[Start of section]
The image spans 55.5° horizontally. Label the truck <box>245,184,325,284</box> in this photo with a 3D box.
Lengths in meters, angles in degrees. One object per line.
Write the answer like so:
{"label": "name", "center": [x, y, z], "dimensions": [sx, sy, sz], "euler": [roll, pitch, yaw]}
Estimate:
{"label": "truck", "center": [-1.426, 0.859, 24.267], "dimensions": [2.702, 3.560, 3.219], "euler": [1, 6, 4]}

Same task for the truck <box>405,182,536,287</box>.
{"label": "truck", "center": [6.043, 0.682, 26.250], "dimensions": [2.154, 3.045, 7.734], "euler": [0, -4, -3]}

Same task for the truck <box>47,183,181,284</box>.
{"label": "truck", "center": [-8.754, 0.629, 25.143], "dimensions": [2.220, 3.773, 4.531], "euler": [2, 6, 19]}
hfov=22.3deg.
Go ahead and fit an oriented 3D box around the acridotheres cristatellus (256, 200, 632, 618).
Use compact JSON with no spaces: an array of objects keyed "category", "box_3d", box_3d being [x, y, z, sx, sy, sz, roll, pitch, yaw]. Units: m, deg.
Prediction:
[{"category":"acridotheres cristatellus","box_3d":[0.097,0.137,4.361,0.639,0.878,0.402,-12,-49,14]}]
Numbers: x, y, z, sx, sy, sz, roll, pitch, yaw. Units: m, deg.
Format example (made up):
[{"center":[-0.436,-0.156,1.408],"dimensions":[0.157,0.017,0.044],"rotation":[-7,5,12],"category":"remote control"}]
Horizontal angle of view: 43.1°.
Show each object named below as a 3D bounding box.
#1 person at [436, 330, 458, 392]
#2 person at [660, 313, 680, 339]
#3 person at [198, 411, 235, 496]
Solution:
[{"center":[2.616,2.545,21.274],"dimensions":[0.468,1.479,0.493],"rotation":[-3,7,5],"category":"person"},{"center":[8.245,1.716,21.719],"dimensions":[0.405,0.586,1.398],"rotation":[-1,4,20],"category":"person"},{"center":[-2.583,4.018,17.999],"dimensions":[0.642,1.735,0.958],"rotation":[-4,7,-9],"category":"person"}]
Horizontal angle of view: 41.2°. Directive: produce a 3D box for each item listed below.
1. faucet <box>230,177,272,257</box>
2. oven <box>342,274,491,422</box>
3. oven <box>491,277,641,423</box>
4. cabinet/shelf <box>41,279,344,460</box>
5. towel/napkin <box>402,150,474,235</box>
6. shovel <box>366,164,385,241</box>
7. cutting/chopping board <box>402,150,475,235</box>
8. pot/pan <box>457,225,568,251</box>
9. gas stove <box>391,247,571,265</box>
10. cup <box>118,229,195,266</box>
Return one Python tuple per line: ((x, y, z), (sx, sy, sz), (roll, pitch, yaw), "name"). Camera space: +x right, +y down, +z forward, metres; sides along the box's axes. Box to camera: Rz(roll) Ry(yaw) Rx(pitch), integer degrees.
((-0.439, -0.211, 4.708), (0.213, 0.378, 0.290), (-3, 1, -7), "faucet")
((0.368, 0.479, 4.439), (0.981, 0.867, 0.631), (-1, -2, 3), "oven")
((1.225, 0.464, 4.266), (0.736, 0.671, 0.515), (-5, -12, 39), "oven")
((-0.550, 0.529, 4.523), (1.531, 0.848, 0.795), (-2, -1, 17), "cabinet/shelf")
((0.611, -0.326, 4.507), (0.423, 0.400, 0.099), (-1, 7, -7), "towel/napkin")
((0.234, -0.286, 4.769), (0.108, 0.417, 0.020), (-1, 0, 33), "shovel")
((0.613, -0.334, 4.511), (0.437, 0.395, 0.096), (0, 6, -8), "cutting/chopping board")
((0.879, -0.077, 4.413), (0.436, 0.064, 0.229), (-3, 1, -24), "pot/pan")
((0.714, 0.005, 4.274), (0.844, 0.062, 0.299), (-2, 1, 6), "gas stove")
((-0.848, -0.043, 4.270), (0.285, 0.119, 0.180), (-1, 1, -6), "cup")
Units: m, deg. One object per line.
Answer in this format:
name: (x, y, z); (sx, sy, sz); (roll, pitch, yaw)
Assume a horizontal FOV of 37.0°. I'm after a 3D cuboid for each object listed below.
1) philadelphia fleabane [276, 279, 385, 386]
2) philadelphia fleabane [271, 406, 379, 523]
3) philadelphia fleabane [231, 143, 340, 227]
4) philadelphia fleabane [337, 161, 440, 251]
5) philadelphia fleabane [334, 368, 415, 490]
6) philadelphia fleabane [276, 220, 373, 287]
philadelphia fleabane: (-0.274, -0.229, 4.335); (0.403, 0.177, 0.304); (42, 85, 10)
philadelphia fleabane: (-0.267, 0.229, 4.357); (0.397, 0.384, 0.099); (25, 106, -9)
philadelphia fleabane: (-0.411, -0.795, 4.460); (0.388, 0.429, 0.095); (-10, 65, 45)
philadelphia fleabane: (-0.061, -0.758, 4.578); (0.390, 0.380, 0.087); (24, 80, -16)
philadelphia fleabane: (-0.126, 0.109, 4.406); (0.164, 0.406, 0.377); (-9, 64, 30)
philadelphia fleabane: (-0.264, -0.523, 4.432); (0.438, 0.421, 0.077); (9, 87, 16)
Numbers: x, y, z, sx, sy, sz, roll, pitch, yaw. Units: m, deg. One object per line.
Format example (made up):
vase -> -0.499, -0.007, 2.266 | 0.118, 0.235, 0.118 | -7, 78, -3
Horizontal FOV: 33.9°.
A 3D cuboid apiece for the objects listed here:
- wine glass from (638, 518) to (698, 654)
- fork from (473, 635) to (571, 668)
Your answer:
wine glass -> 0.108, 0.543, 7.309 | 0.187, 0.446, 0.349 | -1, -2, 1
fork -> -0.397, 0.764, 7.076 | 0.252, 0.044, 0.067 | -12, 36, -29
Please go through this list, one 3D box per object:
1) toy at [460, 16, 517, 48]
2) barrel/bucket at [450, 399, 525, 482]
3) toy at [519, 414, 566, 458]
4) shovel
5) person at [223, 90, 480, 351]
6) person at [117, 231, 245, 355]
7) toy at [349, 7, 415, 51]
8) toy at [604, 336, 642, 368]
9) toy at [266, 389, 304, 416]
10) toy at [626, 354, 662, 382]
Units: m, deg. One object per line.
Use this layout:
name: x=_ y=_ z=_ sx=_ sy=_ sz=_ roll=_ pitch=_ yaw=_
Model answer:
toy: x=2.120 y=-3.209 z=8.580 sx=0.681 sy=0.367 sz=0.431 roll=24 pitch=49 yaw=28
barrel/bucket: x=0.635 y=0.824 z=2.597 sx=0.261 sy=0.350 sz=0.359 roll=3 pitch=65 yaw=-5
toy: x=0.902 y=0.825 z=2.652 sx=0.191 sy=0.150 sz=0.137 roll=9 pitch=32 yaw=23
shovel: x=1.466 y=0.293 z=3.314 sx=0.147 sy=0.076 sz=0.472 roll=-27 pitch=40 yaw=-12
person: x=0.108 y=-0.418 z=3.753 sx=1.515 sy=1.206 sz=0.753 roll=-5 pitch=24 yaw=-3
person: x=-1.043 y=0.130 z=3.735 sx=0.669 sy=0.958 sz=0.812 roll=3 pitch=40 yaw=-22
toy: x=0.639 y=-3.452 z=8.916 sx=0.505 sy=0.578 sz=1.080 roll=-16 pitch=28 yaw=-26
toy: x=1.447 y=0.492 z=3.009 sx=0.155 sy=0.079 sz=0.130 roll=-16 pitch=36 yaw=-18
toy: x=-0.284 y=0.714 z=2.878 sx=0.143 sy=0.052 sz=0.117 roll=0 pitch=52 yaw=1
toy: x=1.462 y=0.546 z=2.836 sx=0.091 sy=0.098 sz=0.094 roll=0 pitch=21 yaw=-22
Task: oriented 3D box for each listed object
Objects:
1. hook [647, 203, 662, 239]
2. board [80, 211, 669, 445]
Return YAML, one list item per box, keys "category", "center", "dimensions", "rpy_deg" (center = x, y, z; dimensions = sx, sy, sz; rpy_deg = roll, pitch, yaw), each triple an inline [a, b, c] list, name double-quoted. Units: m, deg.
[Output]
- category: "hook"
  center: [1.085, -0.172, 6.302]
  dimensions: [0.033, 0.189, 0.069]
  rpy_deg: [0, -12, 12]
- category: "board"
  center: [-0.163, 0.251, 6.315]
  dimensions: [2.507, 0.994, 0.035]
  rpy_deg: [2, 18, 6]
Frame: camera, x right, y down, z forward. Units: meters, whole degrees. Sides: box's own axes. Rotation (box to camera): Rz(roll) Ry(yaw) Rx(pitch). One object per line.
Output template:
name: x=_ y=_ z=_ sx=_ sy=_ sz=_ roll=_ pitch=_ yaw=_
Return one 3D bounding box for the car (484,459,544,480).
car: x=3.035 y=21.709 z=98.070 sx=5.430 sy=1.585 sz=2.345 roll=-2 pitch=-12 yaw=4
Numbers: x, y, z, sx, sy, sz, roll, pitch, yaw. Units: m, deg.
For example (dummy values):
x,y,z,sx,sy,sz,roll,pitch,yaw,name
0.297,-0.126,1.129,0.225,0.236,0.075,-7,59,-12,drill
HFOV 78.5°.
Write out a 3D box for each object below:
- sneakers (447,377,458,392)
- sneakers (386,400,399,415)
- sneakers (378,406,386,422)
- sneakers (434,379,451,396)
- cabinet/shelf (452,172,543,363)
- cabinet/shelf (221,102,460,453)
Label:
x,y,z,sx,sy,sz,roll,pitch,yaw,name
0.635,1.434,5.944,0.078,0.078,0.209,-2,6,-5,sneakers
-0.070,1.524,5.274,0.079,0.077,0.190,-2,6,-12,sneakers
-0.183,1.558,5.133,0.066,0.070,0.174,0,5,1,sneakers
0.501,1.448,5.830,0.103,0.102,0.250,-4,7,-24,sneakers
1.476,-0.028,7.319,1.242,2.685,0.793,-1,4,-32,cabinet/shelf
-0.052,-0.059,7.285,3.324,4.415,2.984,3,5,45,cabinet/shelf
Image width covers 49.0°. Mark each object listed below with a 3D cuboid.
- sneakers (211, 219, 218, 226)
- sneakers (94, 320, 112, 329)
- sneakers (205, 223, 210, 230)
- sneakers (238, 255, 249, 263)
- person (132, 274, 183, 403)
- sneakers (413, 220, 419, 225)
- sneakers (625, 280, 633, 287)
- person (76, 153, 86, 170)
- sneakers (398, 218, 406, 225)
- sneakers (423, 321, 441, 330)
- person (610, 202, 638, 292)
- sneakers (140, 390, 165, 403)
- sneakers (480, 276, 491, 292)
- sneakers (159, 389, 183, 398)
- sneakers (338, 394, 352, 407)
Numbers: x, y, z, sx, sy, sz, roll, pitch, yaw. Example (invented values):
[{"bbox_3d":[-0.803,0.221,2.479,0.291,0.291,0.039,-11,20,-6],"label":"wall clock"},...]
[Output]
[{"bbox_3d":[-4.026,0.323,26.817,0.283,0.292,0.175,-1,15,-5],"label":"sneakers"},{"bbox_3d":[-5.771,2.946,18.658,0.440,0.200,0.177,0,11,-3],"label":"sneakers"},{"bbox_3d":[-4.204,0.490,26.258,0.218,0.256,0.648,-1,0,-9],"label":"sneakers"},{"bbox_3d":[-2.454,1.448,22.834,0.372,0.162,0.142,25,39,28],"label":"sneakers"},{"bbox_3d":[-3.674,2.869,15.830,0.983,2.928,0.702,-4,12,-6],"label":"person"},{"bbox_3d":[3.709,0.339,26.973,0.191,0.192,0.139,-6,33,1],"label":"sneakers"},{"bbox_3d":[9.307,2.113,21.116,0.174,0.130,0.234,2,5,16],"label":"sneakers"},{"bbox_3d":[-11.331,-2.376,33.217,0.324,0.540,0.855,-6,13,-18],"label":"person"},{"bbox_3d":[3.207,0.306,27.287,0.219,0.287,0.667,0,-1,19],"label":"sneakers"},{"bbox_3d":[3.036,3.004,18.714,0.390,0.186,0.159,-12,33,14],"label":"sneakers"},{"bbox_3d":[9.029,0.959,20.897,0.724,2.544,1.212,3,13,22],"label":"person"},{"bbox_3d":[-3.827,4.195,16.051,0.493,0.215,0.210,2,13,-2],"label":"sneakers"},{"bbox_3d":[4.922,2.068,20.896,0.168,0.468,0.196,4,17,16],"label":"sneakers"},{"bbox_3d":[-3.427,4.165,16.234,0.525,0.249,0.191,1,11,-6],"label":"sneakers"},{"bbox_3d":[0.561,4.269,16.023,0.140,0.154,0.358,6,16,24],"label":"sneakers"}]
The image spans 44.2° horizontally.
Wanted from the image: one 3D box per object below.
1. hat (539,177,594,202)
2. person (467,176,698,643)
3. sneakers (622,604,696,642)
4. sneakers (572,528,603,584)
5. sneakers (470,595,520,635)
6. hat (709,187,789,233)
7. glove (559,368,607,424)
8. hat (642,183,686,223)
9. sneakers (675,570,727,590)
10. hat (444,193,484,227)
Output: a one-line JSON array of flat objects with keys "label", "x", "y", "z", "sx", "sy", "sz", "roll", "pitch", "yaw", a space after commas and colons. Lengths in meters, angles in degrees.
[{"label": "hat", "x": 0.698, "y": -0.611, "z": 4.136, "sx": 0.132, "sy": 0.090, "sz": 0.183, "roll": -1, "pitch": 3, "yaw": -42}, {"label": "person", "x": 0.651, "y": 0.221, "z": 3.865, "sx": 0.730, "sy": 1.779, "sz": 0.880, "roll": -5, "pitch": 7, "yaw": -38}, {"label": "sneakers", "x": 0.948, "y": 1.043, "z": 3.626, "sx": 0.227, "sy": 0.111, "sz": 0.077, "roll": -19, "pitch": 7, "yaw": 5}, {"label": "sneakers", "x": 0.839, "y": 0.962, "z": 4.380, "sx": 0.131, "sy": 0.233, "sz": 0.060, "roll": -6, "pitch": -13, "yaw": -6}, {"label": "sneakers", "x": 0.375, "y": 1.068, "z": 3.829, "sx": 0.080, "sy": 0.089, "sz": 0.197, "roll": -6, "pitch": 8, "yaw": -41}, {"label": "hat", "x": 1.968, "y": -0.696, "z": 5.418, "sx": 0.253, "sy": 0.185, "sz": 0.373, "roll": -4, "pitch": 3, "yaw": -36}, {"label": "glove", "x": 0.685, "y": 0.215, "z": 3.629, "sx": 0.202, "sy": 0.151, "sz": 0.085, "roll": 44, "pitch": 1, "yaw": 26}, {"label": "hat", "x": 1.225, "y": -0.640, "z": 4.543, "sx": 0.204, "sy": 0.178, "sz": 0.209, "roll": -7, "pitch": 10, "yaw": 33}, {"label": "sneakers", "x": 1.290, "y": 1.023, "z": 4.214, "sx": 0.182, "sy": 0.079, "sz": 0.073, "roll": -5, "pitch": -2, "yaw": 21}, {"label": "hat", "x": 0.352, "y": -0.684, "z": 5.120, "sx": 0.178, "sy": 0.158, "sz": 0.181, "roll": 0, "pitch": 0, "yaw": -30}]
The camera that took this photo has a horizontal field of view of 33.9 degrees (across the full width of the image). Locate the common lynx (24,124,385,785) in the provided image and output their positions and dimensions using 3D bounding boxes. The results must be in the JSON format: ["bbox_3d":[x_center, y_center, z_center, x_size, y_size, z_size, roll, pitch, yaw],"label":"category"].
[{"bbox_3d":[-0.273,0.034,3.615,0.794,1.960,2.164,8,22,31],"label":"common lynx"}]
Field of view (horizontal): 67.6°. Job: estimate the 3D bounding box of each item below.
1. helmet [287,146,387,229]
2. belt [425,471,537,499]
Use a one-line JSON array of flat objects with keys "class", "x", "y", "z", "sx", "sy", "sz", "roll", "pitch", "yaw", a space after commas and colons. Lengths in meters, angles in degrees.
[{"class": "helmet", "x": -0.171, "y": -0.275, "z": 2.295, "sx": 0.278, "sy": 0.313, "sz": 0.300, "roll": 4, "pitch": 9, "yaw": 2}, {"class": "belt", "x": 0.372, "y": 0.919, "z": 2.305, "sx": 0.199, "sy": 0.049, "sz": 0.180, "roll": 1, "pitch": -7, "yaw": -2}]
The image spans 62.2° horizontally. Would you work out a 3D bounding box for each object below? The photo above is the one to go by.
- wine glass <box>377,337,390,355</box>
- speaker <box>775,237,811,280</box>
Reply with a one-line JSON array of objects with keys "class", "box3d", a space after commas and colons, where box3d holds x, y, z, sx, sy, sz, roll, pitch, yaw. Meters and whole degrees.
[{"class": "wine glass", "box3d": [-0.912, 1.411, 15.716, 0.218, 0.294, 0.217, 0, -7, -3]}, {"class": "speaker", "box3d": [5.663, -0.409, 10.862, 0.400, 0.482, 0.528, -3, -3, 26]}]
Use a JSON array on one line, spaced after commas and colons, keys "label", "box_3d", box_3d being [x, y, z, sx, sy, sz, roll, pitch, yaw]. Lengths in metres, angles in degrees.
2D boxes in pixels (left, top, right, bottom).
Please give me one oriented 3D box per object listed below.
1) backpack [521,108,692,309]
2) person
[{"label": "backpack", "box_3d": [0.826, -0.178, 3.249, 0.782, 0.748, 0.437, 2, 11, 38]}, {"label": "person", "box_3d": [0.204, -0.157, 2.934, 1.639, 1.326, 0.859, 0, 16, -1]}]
[End of section]
- **REQUIRED ACTION**
Going through the records above, count the lines that include the word "Numbers". Give the number alone.

- **ANSWER**
4